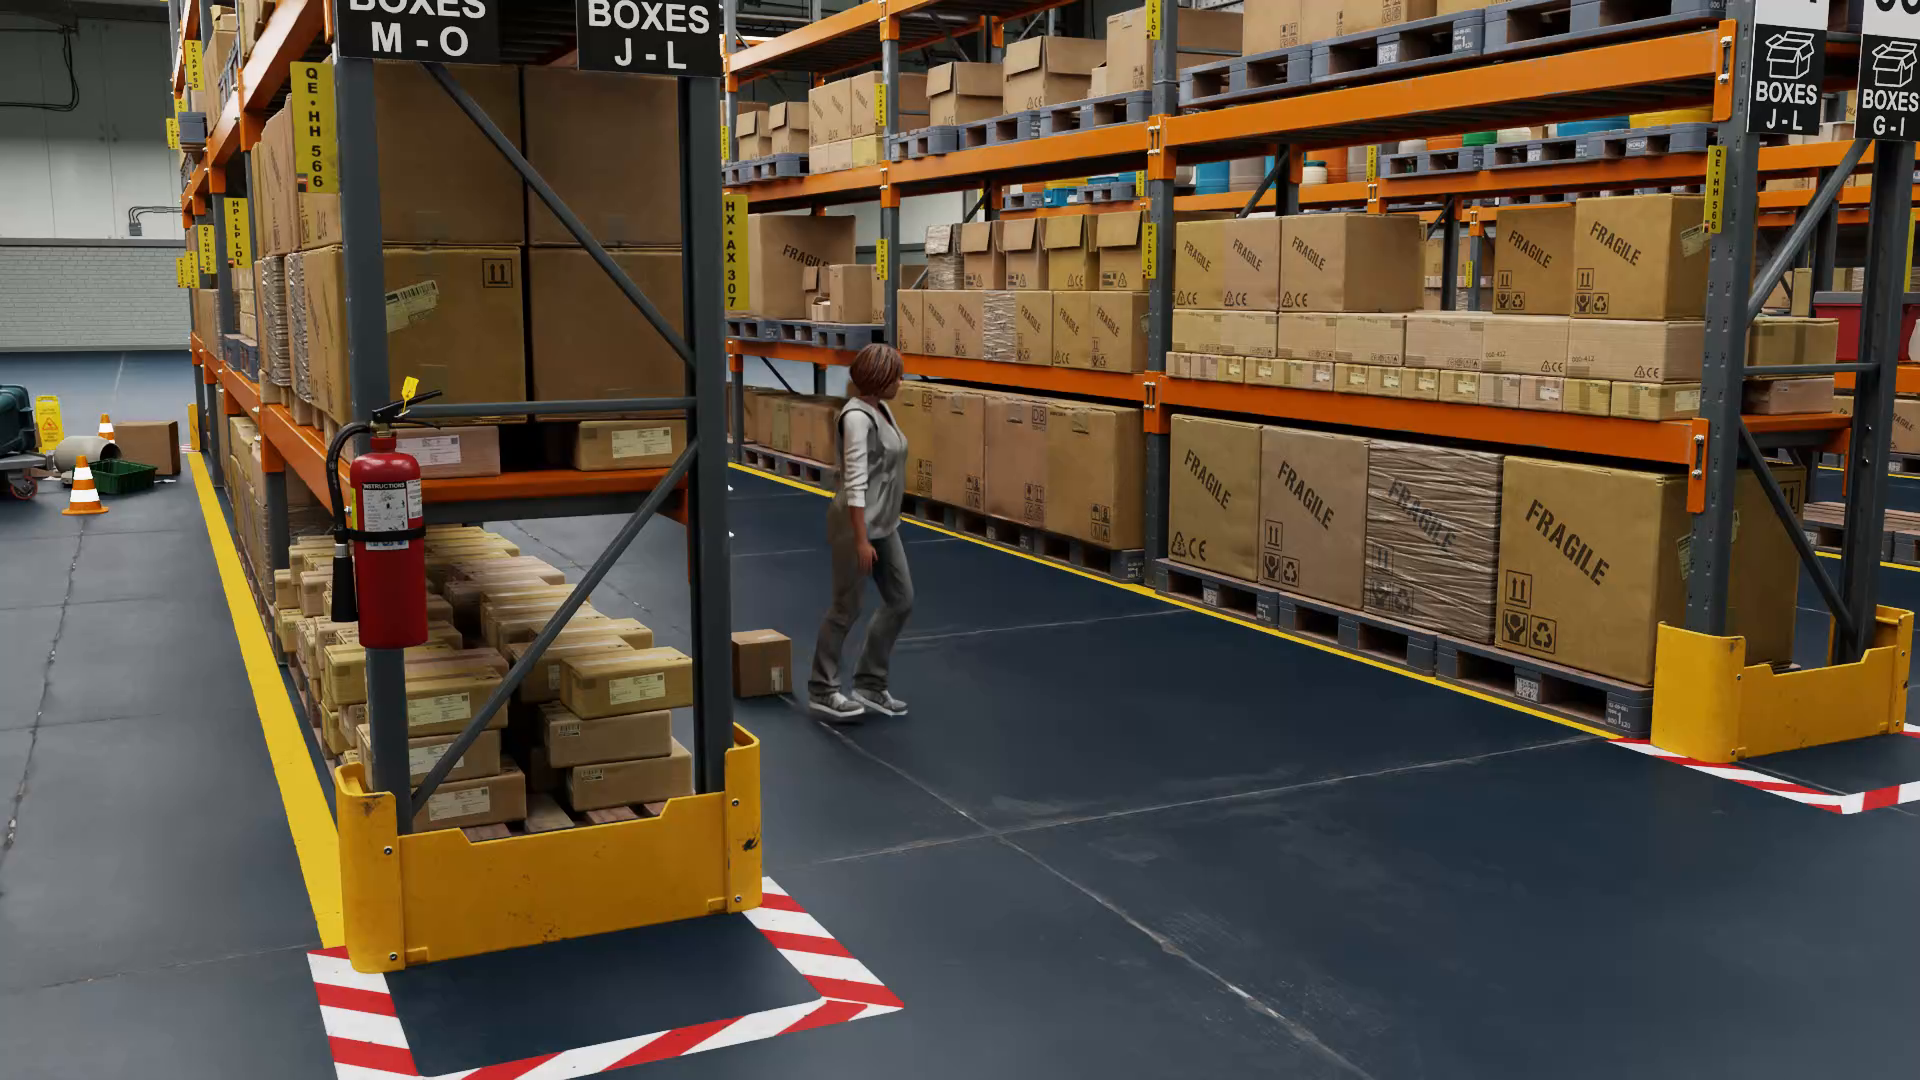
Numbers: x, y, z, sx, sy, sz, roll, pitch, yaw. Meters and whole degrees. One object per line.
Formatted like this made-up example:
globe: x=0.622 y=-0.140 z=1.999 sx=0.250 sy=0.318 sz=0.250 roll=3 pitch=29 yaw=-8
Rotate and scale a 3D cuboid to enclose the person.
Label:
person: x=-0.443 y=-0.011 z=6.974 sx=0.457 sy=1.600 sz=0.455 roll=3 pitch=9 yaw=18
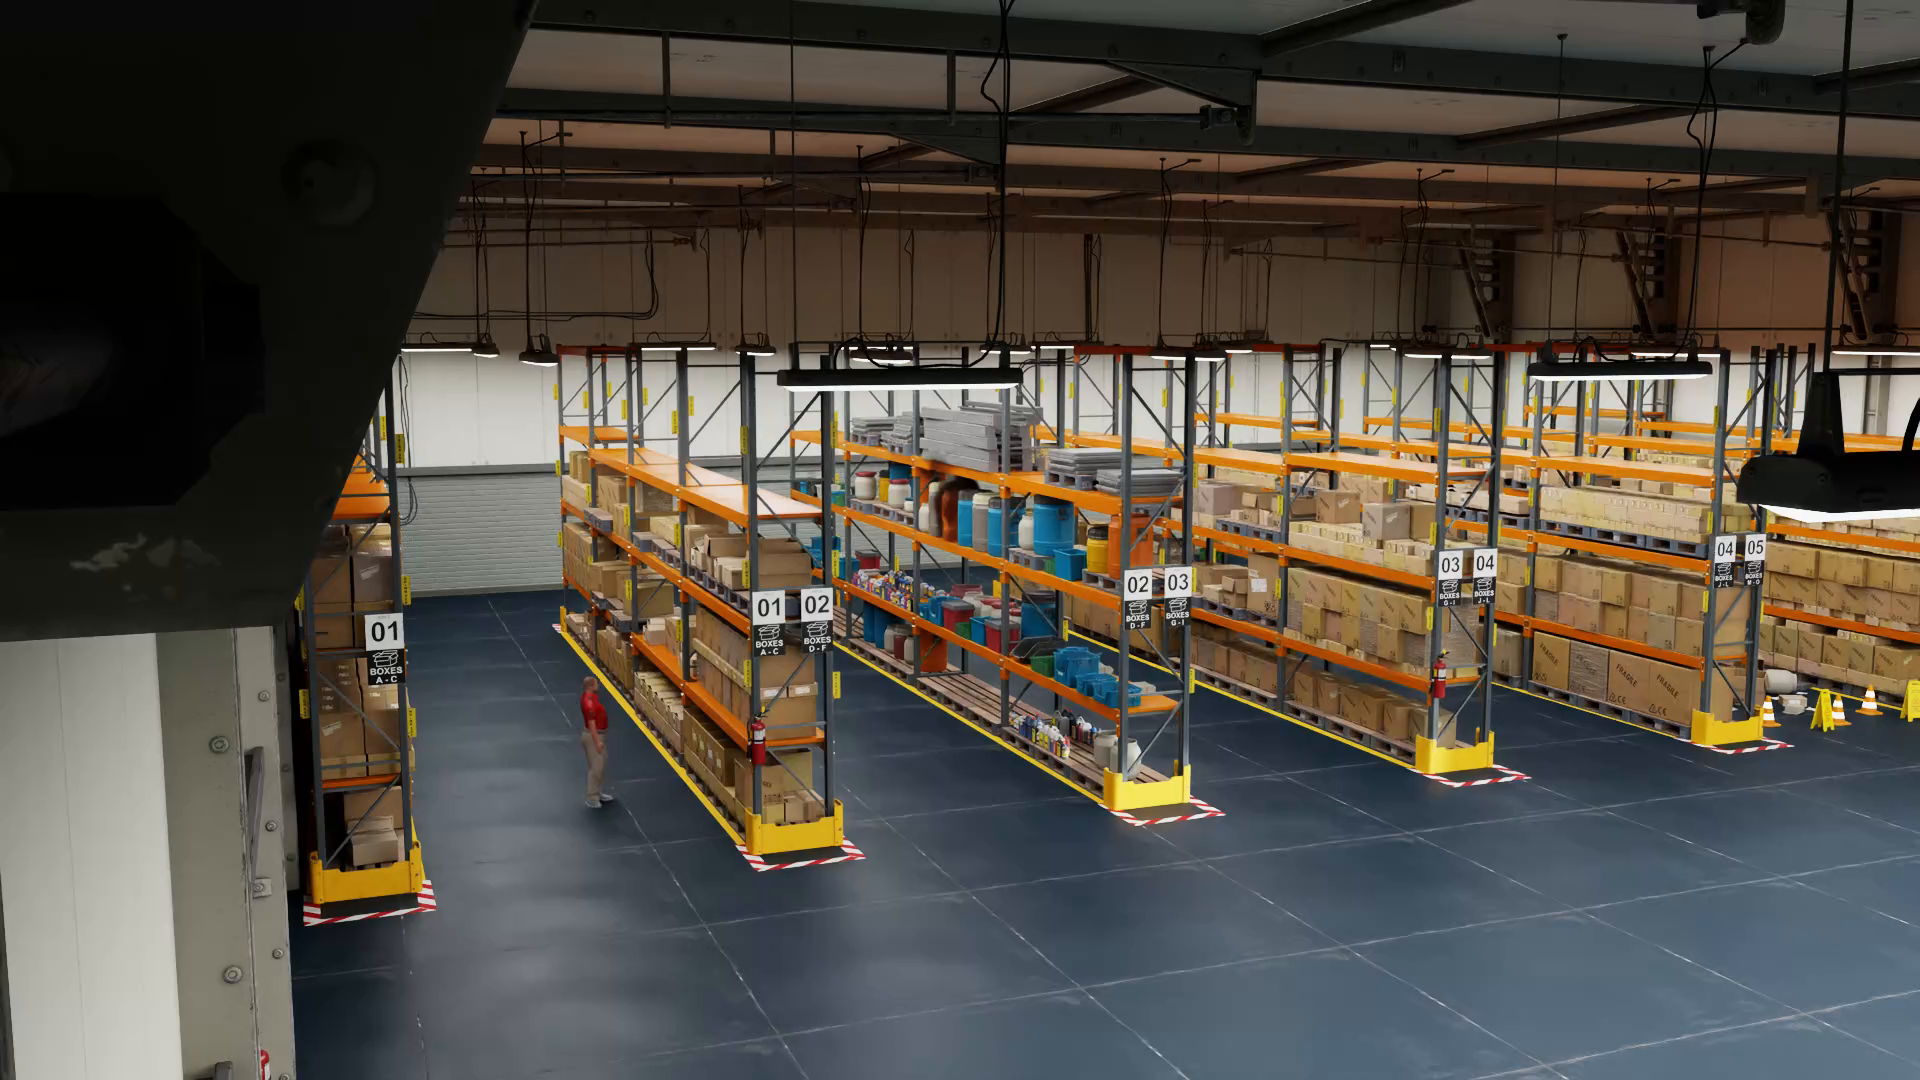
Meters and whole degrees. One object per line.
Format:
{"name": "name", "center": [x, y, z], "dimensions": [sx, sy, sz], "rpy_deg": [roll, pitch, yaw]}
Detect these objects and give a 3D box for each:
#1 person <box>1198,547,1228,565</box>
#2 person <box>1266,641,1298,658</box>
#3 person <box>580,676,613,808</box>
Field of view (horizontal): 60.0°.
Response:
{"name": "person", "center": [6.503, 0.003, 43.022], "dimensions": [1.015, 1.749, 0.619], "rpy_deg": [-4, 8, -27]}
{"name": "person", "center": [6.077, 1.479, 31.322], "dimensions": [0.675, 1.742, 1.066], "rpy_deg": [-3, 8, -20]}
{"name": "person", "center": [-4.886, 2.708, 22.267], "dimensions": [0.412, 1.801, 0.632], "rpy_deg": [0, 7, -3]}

• **EXERCISE GOAL**: Of all the lines in the data above, show only those that hold the word "degrees".

• **TASK OUTPUT**:
Numbers: x, y, z, sx, sy, sz, roll, pitch, yaw. Meters and whole degrees. One object per line.
Meters and whole degrees. One object per line.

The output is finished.